At the same time, Jim and his wife were preparing to welcome a son.

“We knew I was still going to do this surgery. I told her we’d figure it out,” the 42-year-old said. “And we did.”

On April 18, James was transplanted by David Bruno, M.D., interim chair of Hume-Lee and VCU School of Medicine’s Division of Transplant Surgery.
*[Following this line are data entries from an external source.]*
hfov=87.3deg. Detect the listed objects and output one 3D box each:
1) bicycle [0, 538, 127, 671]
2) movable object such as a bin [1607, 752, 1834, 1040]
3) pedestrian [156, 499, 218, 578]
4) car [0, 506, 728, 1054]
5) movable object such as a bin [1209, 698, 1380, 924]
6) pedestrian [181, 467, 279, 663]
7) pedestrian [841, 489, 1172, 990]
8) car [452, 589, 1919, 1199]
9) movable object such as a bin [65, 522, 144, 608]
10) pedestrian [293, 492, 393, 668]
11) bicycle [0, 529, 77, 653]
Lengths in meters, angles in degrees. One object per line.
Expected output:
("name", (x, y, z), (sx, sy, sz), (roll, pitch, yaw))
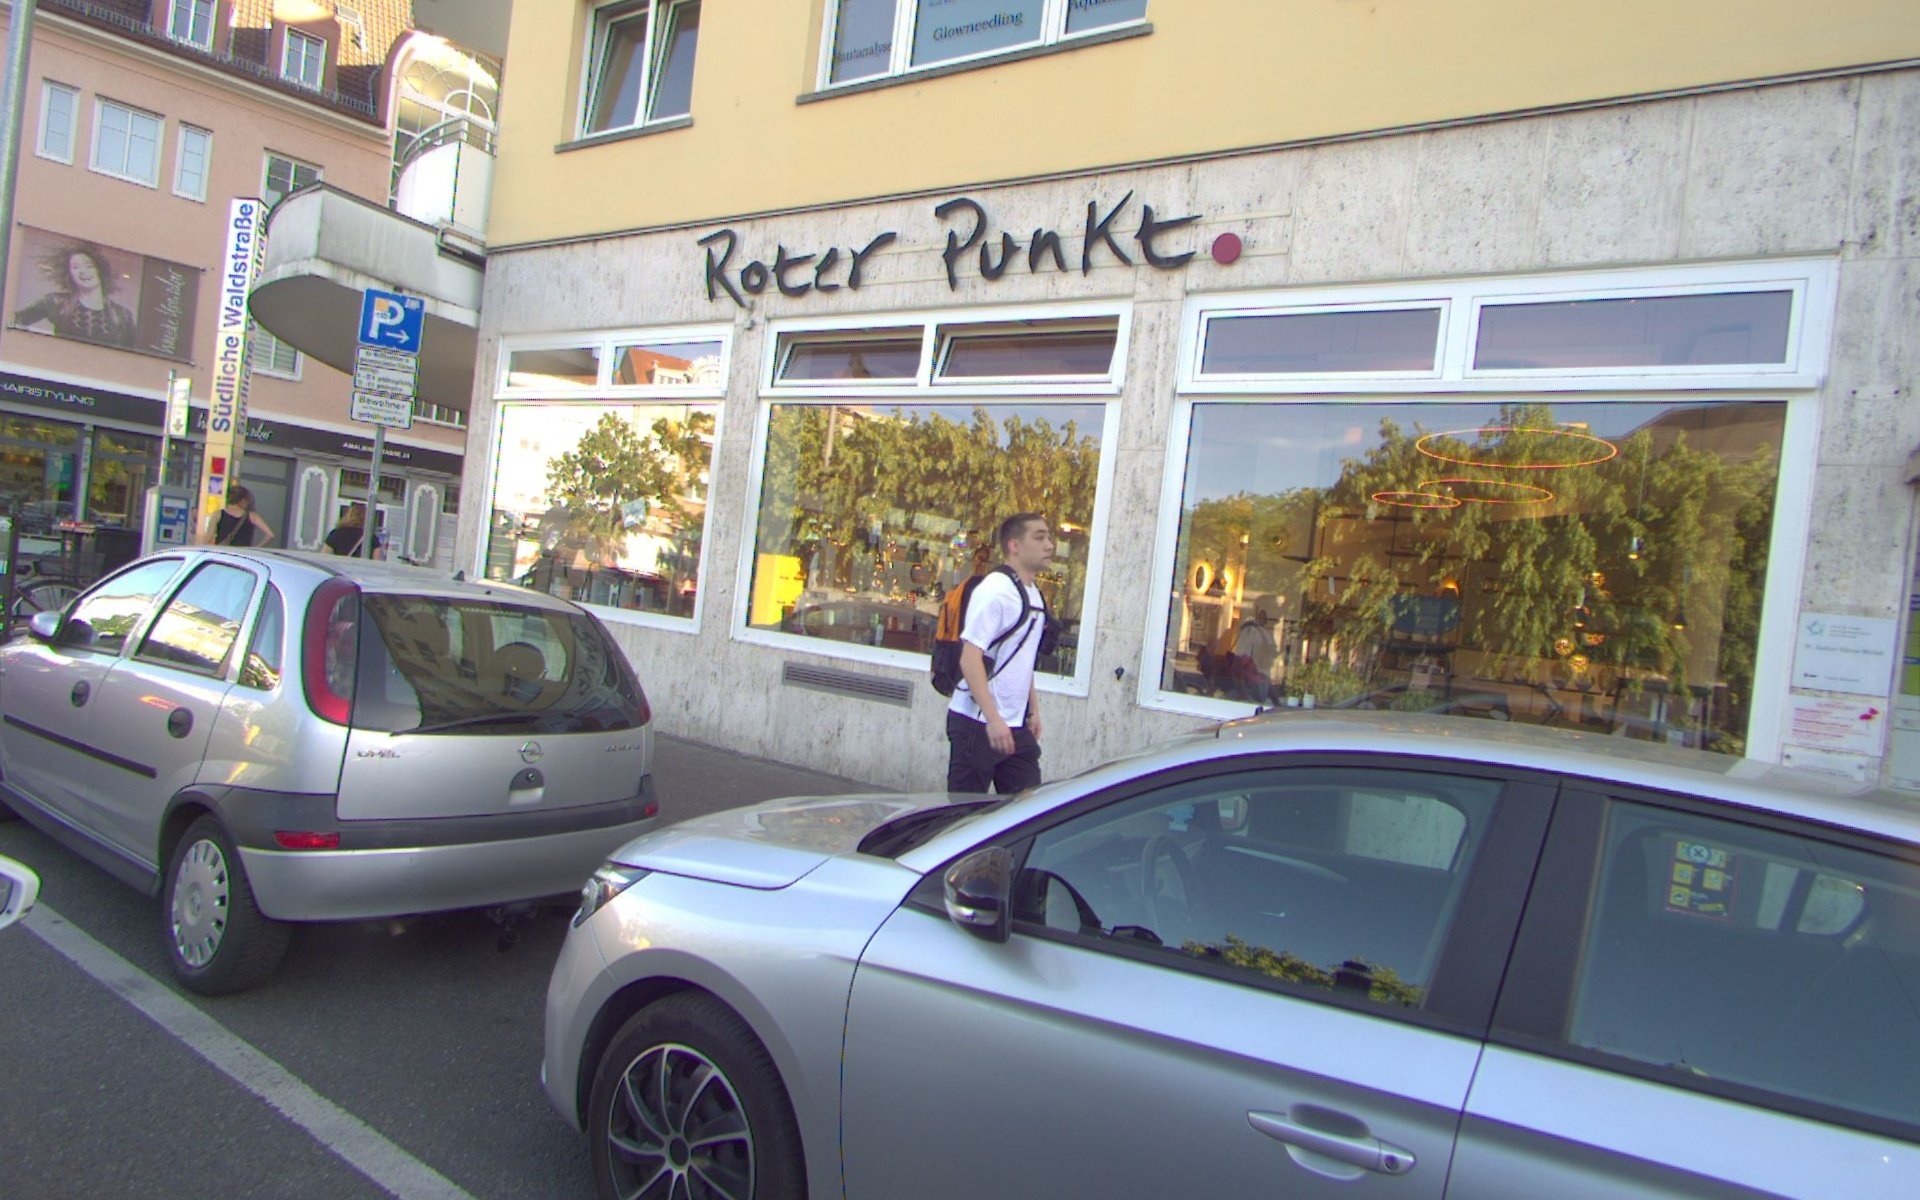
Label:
("bicycle", (-8.159, 0.004, 8.250), (0.642, 1.057, 1.884), (7, 0, 33))
("movable object such as a bin", (3.379, 1.266, 4.542), (0.639, 1.035, 0.738), (6, -1, 31))
("pedestrian", (-16.665, -1.311, 21.701), (0.714, 1.567, 0.788), (8, -1, -22))
("car", (-2.951, 0.485, 4.456), (3.520, 1.443, 1.587), (6, -2, 32))
("movable object such as a bin", (1.831, 1.098, 5.472), (0.639, 1.035, 0.738), (6, -1, 31))
("pedestrian", (-7.429, -0.352, 10.271), (0.675, 1.874, 0.886), (3, 3, -33))
("pedestrian", (0.207, 0.516, 4.328), (0.967, 1.846, 0.809), (6, 1, 35))
("car", (0.785, 0.944, 2.276), (3.624, 1.453, 1.587), (6, -2, 30))
("movable object such as a bin", (-11.962, -0.489, 14.071), (0.716, 1.117, 0.636), (7, 2, 35))
("pedestrian", (-6.612, -0.211, 10.770), (0.717, 1.777, 0.779), (4, 2, -40))
("bicycle", (-9.050, -0.150, 8.794), (0.642, 1.072, 1.816), (7, -1, 33))
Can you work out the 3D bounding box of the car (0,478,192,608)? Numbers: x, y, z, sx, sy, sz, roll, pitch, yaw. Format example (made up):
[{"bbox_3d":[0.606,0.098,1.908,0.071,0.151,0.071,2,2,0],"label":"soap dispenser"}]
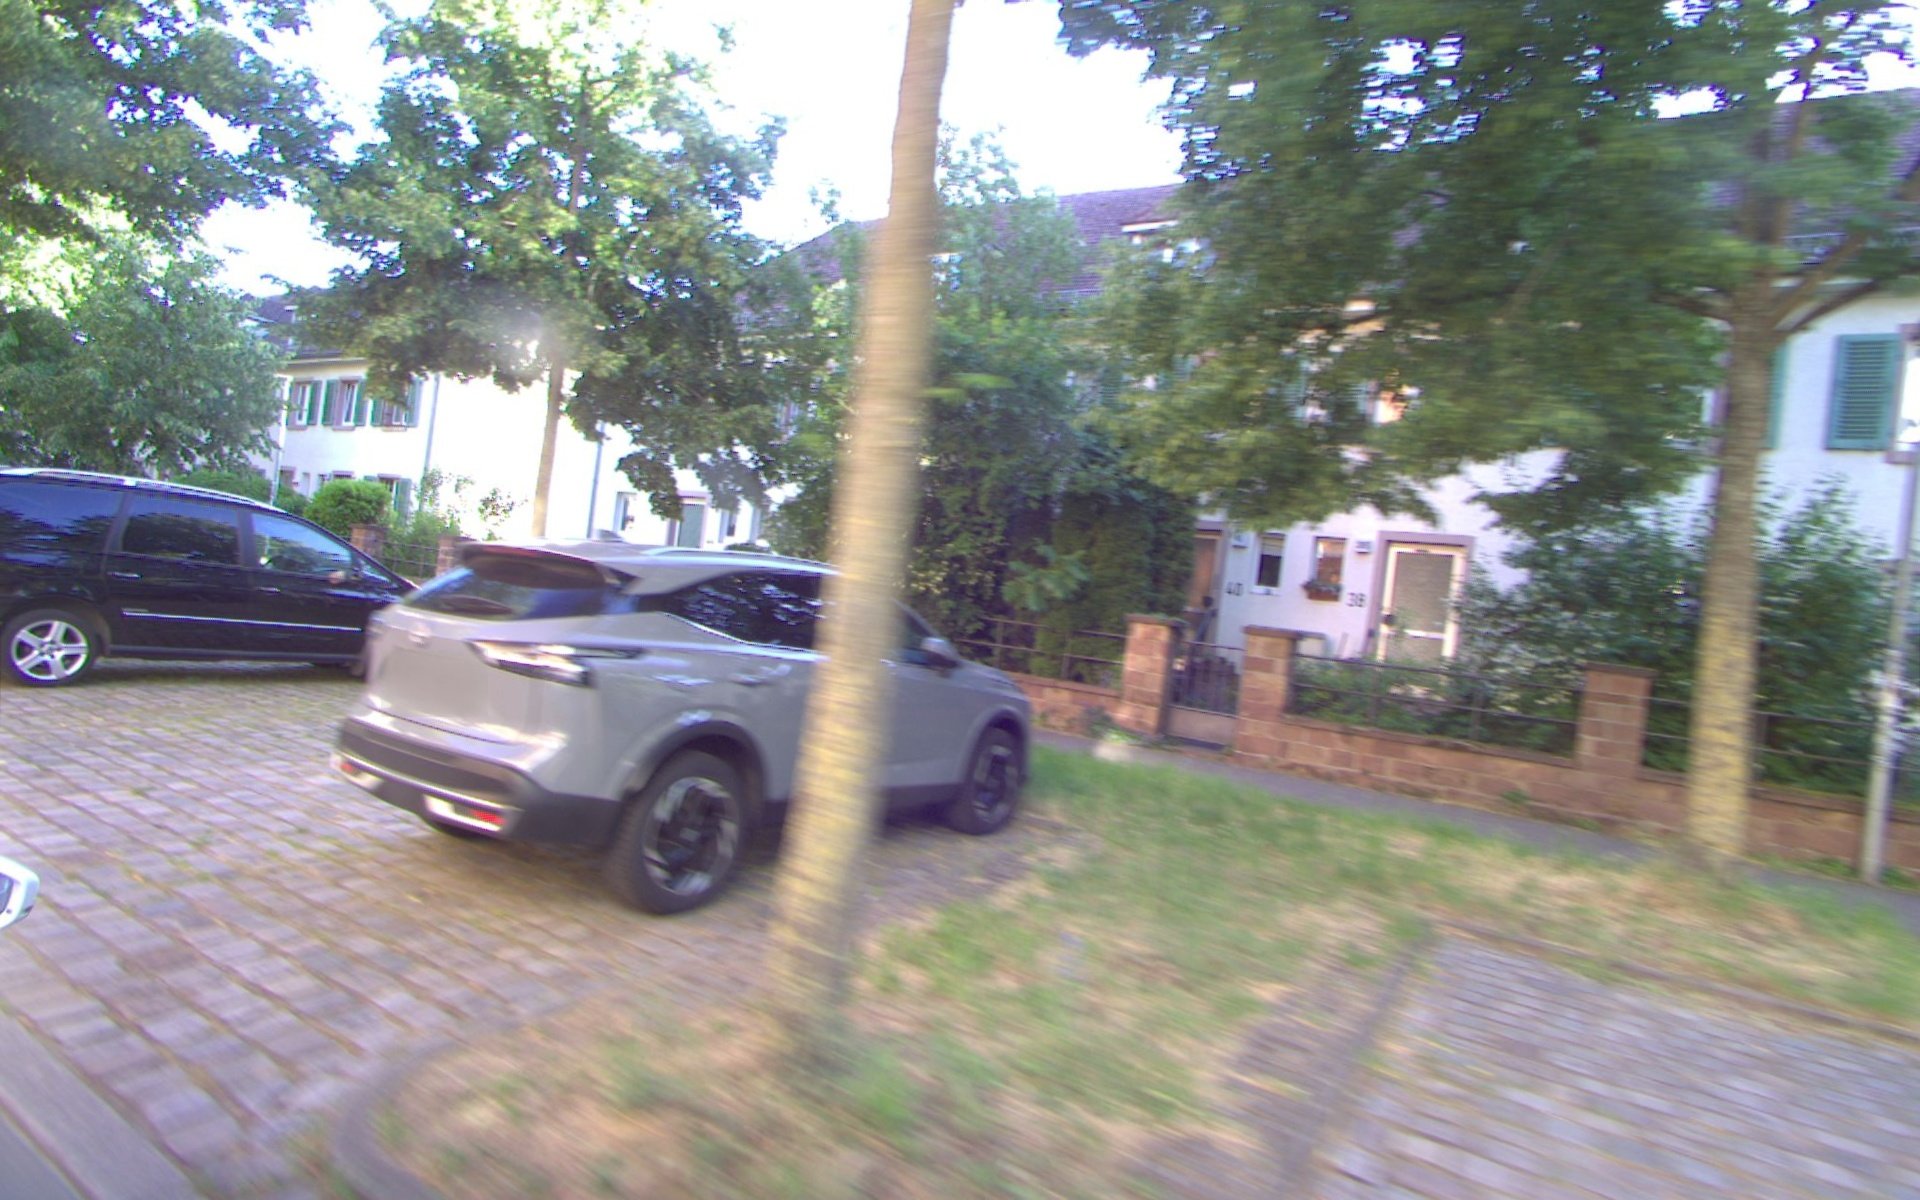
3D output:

Without a living donor, Bruno says, the 68-year-old would have been on the list for a long time, with risk of getting sicker growing daily.

“A living donor was the safest way to cure him from his cancer,” Bruno said. “We’re really embracing living donor surgery and looking for ways to extend it to everyone, regardless of how sick they are, or how old, or how many surgeries they've had prior — even if they've had a prior liver transplant. This is a surgery that saves lives.”

Father and son stand next to surgeon who performed a life saving, living donor surgery on them.

Jim Busic stands with David Bruno, M.D., who performed a life saving surgery on his father, James Busic. From left to right: Jim Busic, Bruno and James Busic. (VCU Enterprise Marketing and Communications)

Rise of the robot

Jim had his liver removed by the team of Vinay Kumaran, M.D., and Seung Duk Lee, M.D. Kumaran is director of living donor liver surgeries, and Lee, associate surgical director of liver transplant, has been actively working as a robotic surgeon for the last ten years.

Jim found out only a few days prior to surgery that his procedure would be fully robotic, thanks to a slim build and healthy liver. This year, VCU Health began doing partial living donor liver surgeries, which still required a major incision on the torso.

“I first met my surgeons and as soon as you speak to these gentlemen — incredibly bright, incredibly professional — and you know they've done hundreds of these things, the confidence instantly puts you at ease,” Jim said. “Whatever hesitations I had, they quelled it.”

Unlike a traditional “open” liver surgery or even a partially robotic one, removing the liver from the donor entirely with a robot leads to less scarring, a faster recovery and reduced pain.

Beyond four small punctures on his abdomen where four robotic arms are inserted, he only has a scar on his lower abdomen below his belt line, akin to a Cesarean section. Kumaran says Jim’s anatomy — slim, healthy with a smaller-sized liver — made him an ideal candidate for the robot.

Hume-Lee is one of three programs in the U.S. using fully robotic surgery for living liver donor transplants: it’s more common overseas.

“This is a complicated but amazing operation and being able to fully use the robot for living donors is very rare throughout the world,” Lee said. “Our eventual goal is to offer fully-robotic operations to every living donor at VCU Health.”

James jokes that he got “the full Mercedes,” referencing the shape of the incisions for a liver transplant, since the recipient transplant is still done with traditional open surgery due to the procedure’s complexity.

Father and son stand next to surgeon who performed a life saving, living donor surgery on them.

James Busic meets his newborn grandson, James. (Contributed by Busic family)

A ‘return on my investment’

Jim and his wife, Michele, welcomed their son, also named James, in February 2023. The baby wasn’t home long before Jim came to Richmond in March for a battery of tests that ultimately cleared him for surgery, and he was back at VCU for the surgery in mid-April. He stayed in Richmond for a month before heading home to Long Island.

Even with the demands of a newborn, “There was never a question of whether I’d do it,” he said. “And my wife was supportive of everything.”

Kumaran says long-term outcomes for the transplant look positive and that James’ body likely won’t reject the organ, in part because his donor is a family member.

“This was a journey, but it was a good journey,” James said. “My future looks bright. Like I told everyone, expect me around for another 20 or 25 years.”

“At least 20,” Jim added. “I want a return on my investment.”